Berrettini earned three break points in the fifth game of the second set, but De Minaur held serve from 0-40 to take a 3-2 lead. Berrettini saved a break point to draw level to 3-3 before breaking serve to take a 5-4 lead in the ninth game, when De Minaur hit his slice into the net. Berrettini served out the win on his second match point to become the first Italian player to reach the final at the Queens. 

“Making the final was the goal of the week, and now I have one more step. It is a great achievement, especially for the history of this tournament. I am really happy because to beat Alex today, I had to play my best tennis. The mentality is that I always think I can win my service games. I know that I have a big weapon with my serve and first shot. If I sleep too well, it means something is off is off ahead of the final. I have to be nervous and tight a little bit, otherwise the adrenaline does not kick in and it is tougher to play”, said Berrettini. 

Berrettini set up a final against Cameron Norrie, who beat Denis Shapovalov 7-5 6-3 in 94 minutes. Norrie won 76% of his first service points and came back from one set down to become the first British player to reach the final at the Queen’s. 

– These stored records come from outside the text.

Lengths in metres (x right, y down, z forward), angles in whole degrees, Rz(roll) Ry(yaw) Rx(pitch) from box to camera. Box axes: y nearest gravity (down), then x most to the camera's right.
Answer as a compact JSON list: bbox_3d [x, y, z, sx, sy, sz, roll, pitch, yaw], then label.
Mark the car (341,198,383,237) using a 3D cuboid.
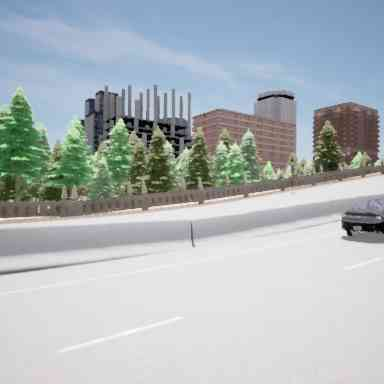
[{"bbox_3d":[8.257,1.008,14.009,4.902,1.511,2.128,-5,3,-35],"label":"car"}]
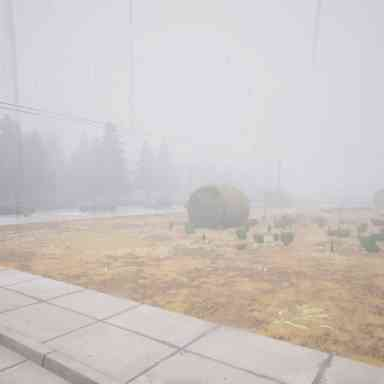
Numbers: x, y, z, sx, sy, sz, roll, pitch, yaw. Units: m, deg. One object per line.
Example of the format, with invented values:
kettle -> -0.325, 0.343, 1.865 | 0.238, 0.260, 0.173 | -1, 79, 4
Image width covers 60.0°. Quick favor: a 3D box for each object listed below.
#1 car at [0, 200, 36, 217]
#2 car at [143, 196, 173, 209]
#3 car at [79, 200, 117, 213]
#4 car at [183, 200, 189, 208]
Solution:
car -> -16.551, 1.518, 29.728 | 2.128, 1.511, 4.902 | 0, 0, 37
car -> -4.677, 1.379, 45.766 | 2.097, 1.767, 4.553 | 0, 0, 35
car -> -10.627, 1.591, 37.714 | 1.994, 1.385, 4.181 | 0, 0, 37
car -> 0.621, 1.590, 46.676 | 1.994, 1.385, 4.181 | 0, 0, 37
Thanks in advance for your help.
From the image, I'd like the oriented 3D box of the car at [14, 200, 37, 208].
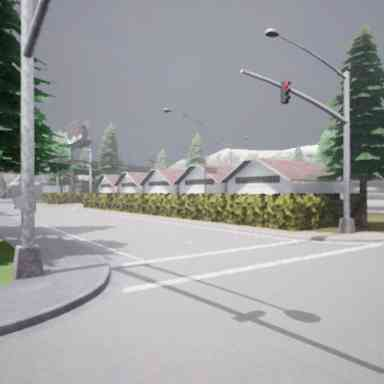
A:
[{"bbox_3d":[-18.878,1.283,37.536,1.882,1.535,5.008,0,0,-36],"label":"car"}]

Shapovalov earned an early break to take a 2-0 lead. Norrie broke back to draw level to 3-3. The British player earned his second break with a backhand passing shot in the 12th game to claim the first set 7-5. 

Norrie did not convert a break point at 3-2, after Shapovalov had treatment on an injury. The British player broke serve in the eighth game to take a 5-3 lead and served out the second set in the second game to secure his spot in the final. Norrie has reached his third final this year after fiinishing runner-up to Albert Ramos Vinolas at the Estoril Open and to Stefanos Tsitsipas in Lyon.